### Study material

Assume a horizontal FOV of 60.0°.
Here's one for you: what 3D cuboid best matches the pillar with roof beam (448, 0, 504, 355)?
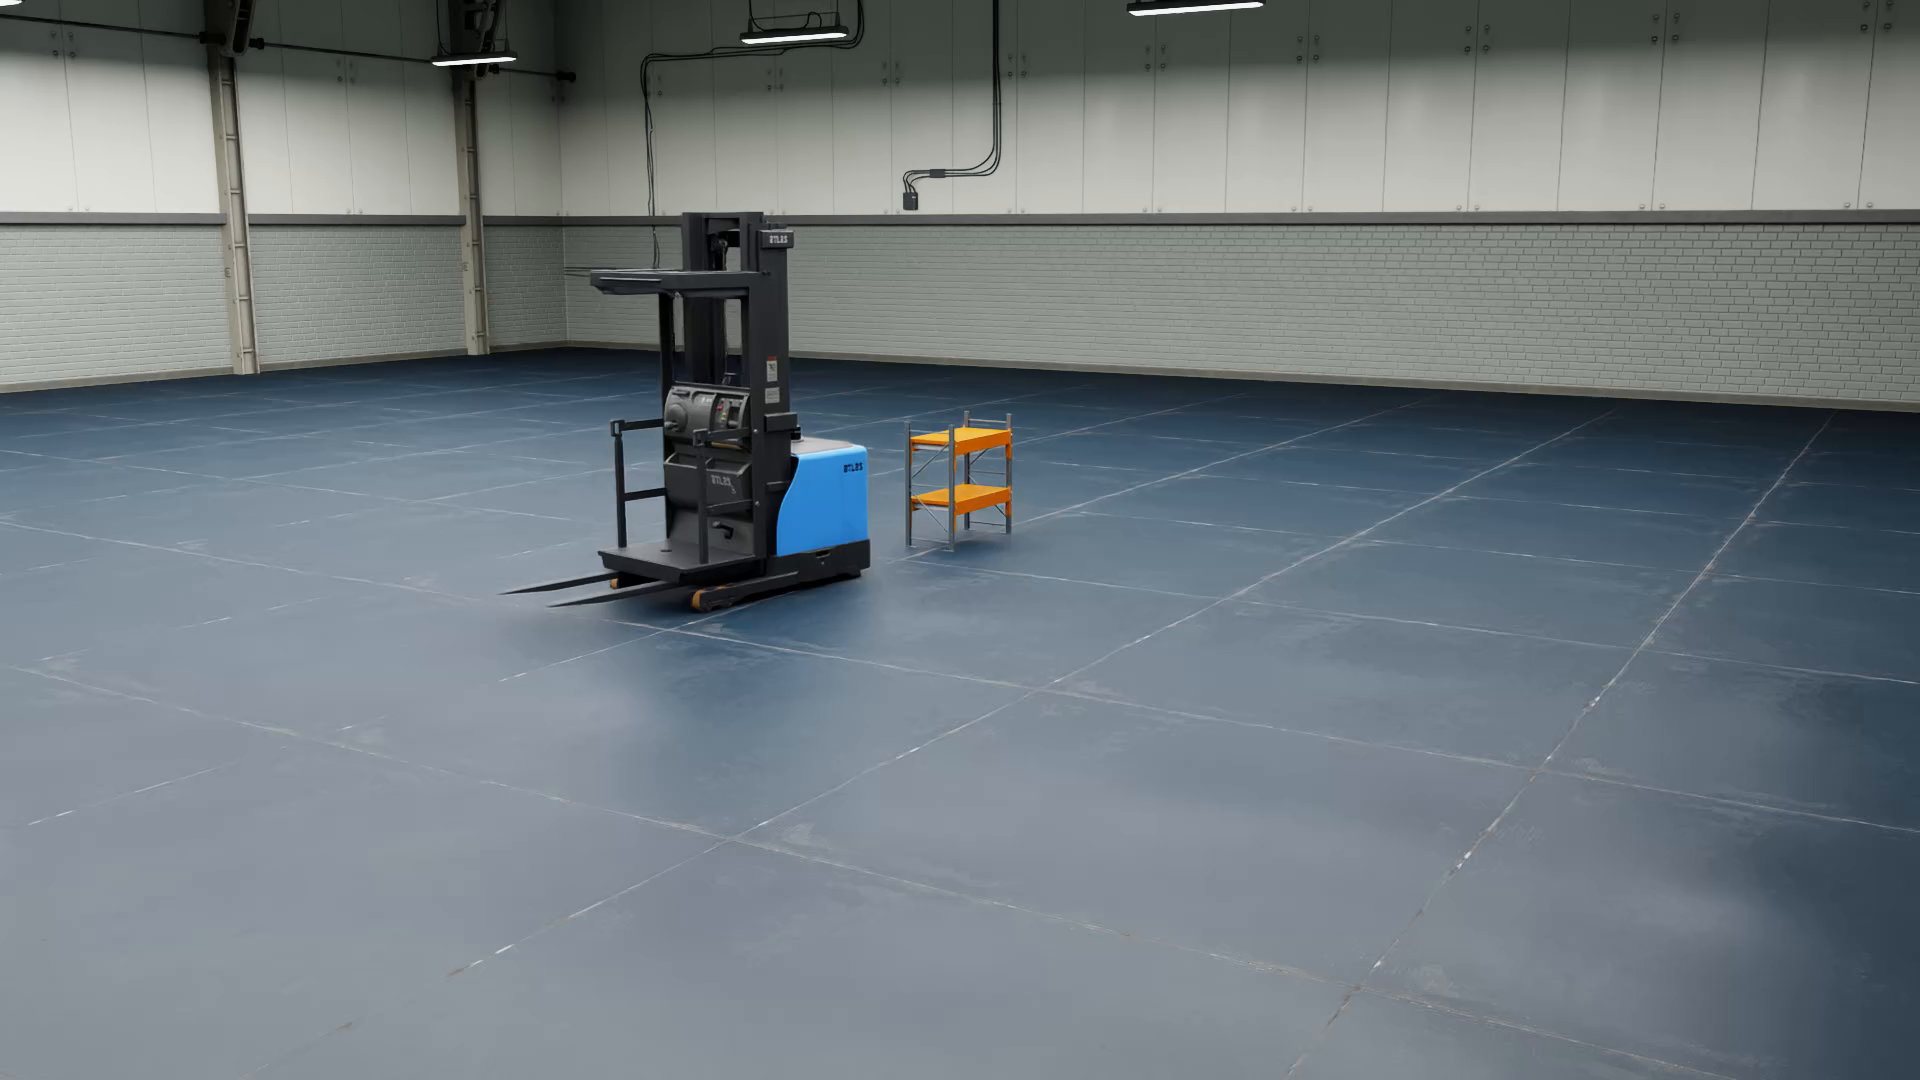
[{"bbox_3d":[-7.273,-8.238,34.799,9.100,9.000,0.548,6,12,31],"label":"pillar with roof beam"}]

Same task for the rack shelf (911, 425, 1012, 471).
[{"bbox_3d":[-0.004,-0.840,15.087,0.538,0.278,1.000,6,12,31],"label":"rack shelf"}]

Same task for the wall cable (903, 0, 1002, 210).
[{"bbox_3d":[-0.187,-9.748,33.625,2.305,6.003,0.169,6,12,31],"label":"wall cable"}]

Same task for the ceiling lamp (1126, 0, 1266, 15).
[{"bbox_3d":[3.451,-9.076,23.414,2.000,3.185,0.800,6,12,31],"label":"ceiling lamp"}]

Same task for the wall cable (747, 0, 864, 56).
[{"bbox_3d":[-3.335,-11.624,35.238,3.097,2.526,0.112,6,12,31],"label":"wall cable"}]

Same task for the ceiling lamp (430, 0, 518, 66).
[{"bbox_3d":[-8.899,-10.457,30.788,2.000,3.185,0.800,6,12,31],"label":"ceiling lamp"}]

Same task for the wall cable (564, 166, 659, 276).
[{"bbox_3d":[-8.292,-7.460,39.081,3.097,2.526,0.112,6,12,31],"label":"wall cable"}]

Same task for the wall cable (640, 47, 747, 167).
[{"bbox_3d":[-5.980,-9.684,37.236,3.097,2.526,0.112,6,12,31],"label":"wall cable"}]

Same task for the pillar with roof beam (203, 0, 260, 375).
[{"bbox_3d":[-10.388,-7.294,29.758,9.100,9.000,0.548,6,12,31],"label":"pillar with roof beam"}]

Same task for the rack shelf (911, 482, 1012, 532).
[{"bbox_3d":[-0.004,-0.311,15.186,0.538,0.278,1.000,6,12,31],"label":"rack shelf"}]

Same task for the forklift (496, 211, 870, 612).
[{"bbox_3d":[-2.096,-1.009,12.673,1.130,2.935,3.031,9,14,41],"label":"forklift"}]

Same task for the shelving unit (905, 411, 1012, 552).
[{"bbox_3d":[-0.004,-0.552,15.141,0.538,1.125,1.048,6,12,31],"label":"shelving unit"}]

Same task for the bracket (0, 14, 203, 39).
[{"bbox_3d":[-15.317,-8.970,28.930,0.076,0.066,4.783,6,12,31],"label":"bracket"}]

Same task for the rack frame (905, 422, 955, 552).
[{"bbox_3d":[-0.267,-0.472,14.714,0.500,1.125,0.032,6,12,31],"label":"rack frame"}]

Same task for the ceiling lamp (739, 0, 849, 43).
[{"bbox_3d":[-2.583,-9.751,27.017,2.000,3.185,0.800,6,12,31],"label":"ceiling lamp"}]

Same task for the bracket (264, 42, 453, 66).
[{"bbox_3d":[-12.202,-9.914,33.970,0.076,0.066,4.783,6,12,31],"label":"bracket"}]

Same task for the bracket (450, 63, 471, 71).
[{"bbox_3d":[-10.864,-10.319,36.134,0.235,0.232,0.430,6,12,31],"label":"bracket"}]

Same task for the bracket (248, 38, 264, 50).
[{"bbox_3d":[-13.548,-9.506,31.791,0.235,0.232,0.430,6,12,31],"label":"bracket"}]

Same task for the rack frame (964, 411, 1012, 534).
[{"bbox_3d":[0.260,-0.632,15.568,0.500,1.125,0.032,6,12,31],"label":"rack frame"}]

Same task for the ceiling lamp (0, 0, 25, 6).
[{"bbox_3d":[-13.629,-9.024,23.135,2.000,3.185,0.800,6,12,31],"label":"ceiling lamp"}]

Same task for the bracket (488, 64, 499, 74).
[{"bbox_3d":[-10.433,-10.450,36.832,0.235,0.232,0.430,6,12,31],"label":"bracket"}]

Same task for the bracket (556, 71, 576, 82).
[{"bbox_3d":[-9.203,-10.823,38.823,0.235,0.232,0.430,6,12,31],"label":"bracket"}]

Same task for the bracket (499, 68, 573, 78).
[{"bbox_3d":[-9.509,-10.730,38.326,0.076,0.066,3.189,6,12,31],"label":"bracket"}]

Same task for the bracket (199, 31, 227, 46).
[{"bbox_3d":[-13.979,-9.376,31.094,0.235,0.232,0.430,6,12,31],"label":"bracket"}]

### Your assignment
Please set down each entry word for word, without its images.

### Exercise result
Assume a horizontal FOV of 60.0°.
Here's one for you: what 3D cuboid best matches the pillar with roof beam (448, 0, 504, 355)?
[{"bbox_3d":[-7.273,-8.238,34.799,9.100,9.000,0.548,6,12,31],"label":"pillar with roof beam"}]

Same task for the rack shelf (911, 425, 1012, 471).
[{"bbox_3d":[-0.004,-0.840,15.087,0.538,0.278,1.000,6,12,31],"label":"rack shelf"}]

Same task for the wall cable (903, 0, 1002, 210).
[{"bbox_3d":[-0.187,-9.748,33.625,2.305,6.003,0.169,6,12,31],"label":"wall cable"}]

Same task for the ceiling lamp (1126, 0, 1266, 15).
[{"bbox_3d":[3.451,-9.076,23.414,2.000,3.185,0.800,6,12,31],"label":"ceiling lamp"}]

Same task for the wall cable (747, 0, 864, 56).
[{"bbox_3d":[-3.335,-11.624,35.238,3.097,2.526,0.112,6,12,31],"label":"wall cable"}]

Same task for the ceiling lamp (430, 0, 518, 66).
[{"bbox_3d":[-8.899,-10.457,30.788,2.000,3.185,0.800,6,12,31],"label":"ceiling lamp"}]

Same task for the wall cable (564, 166, 659, 276).
[{"bbox_3d":[-8.292,-7.460,39.081,3.097,2.526,0.112,6,12,31],"label":"wall cable"}]

Same task for the wall cable (640, 47, 747, 167).
[{"bbox_3d":[-5.980,-9.684,37.236,3.097,2.526,0.112,6,12,31],"label":"wall cable"}]

Same task for the pillar with roof beam (203, 0, 260, 375).
[{"bbox_3d":[-10.388,-7.294,29.758,9.100,9.000,0.548,6,12,31],"label":"pillar with roof beam"}]

Same task for the rack shelf (911, 482, 1012, 532).
[{"bbox_3d":[-0.004,-0.311,15.186,0.538,0.278,1.000,6,12,31],"label":"rack shelf"}]

Same task for the forklift (496, 211, 870, 612).
[{"bbox_3d":[-2.096,-1.009,12.673,1.130,2.935,3.031,9,14,41],"label":"forklift"}]

Same task for the shelving unit (905, 411, 1012, 552).
[{"bbox_3d":[-0.004,-0.552,15.141,0.538,1.125,1.048,6,12,31],"label":"shelving unit"}]

Same task for the bracket (0, 14, 203, 39).
[{"bbox_3d":[-15.317,-8.970,28.930,0.076,0.066,4.783,6,12,31],"label":"bracket"}]

Same task for the rack frame (905, 422, 955, 552).
[{"bbox_3d":[-0.267,-0.472,14.714,0.500,1.125,0.032,6,12,31],"label":"rack frame"}]

Same task for the ceiling lamp (739, 0, 849, 43).
[{"bbox_3d":[-2.583,-9.751,27.017,2.000,3.185,0.800,6,12,31],"label":"ceiling lamp"}]

Same task for the bracket (264, 42, 453, 66).
[{"bbox_3d":[-12.202,-9.914,33.970,0.076,0.066,4.783,6,12,31],"label":"bracket"}]

Same task for the bracket (450, 63, 471, 71).
[{"bbox_3d":[-10.864,-10.319,36.134,0.235,0.232,0.430,6,12,31],"label":"bracket"}]

Same task for the bracket (248, 38, 264, 50).
[{"bbox_3d":[-13.548,-9.506,31.791,0.235,0.232,0.430,6,12,31],"label":"bracket"}]

Same task for the rack frame (964, 411, 1012, 534).
[{"bbox_3d":[0.260,-0.632,15.568,0.500,1.125,0.032,6,12,31],"label":"rack frame"}]

Same task for the ceiling lamp (0, 0, 25, 6).
[{"bbox_3d":[-13.629,-9.024,23.135,2.000,3.185,0.800,6,12,31],"label":"ceiling lamp"}]

Same task for the bracket (488, 64, 499, 74).
[{"bbox_3d":[-10.433,-10.450,36.832,0.235,0.232,0.430,6,12,31],"label":"bracket"}]

Same task for the bracket (556, 71, 576, 82).
[{"bbox_3d":[-9.203,-10.823,38.823,0.235,0.232,0.430,6,12,31],"label":"bracket"}]

Same task for the bracket (499, 68, 573, 78).
[{"bbox_3d":[-9.509,-10.730,38.326,0.076,0.066,3.189,6,12,31],"label":"bracket"}]

Same task for the bracket (199, 31, 227, 46).
[{"bbox_3d":[-13.979,-9.376,31.094,0.235,0.232,0.430,6,12,31],"label":"bracket"}]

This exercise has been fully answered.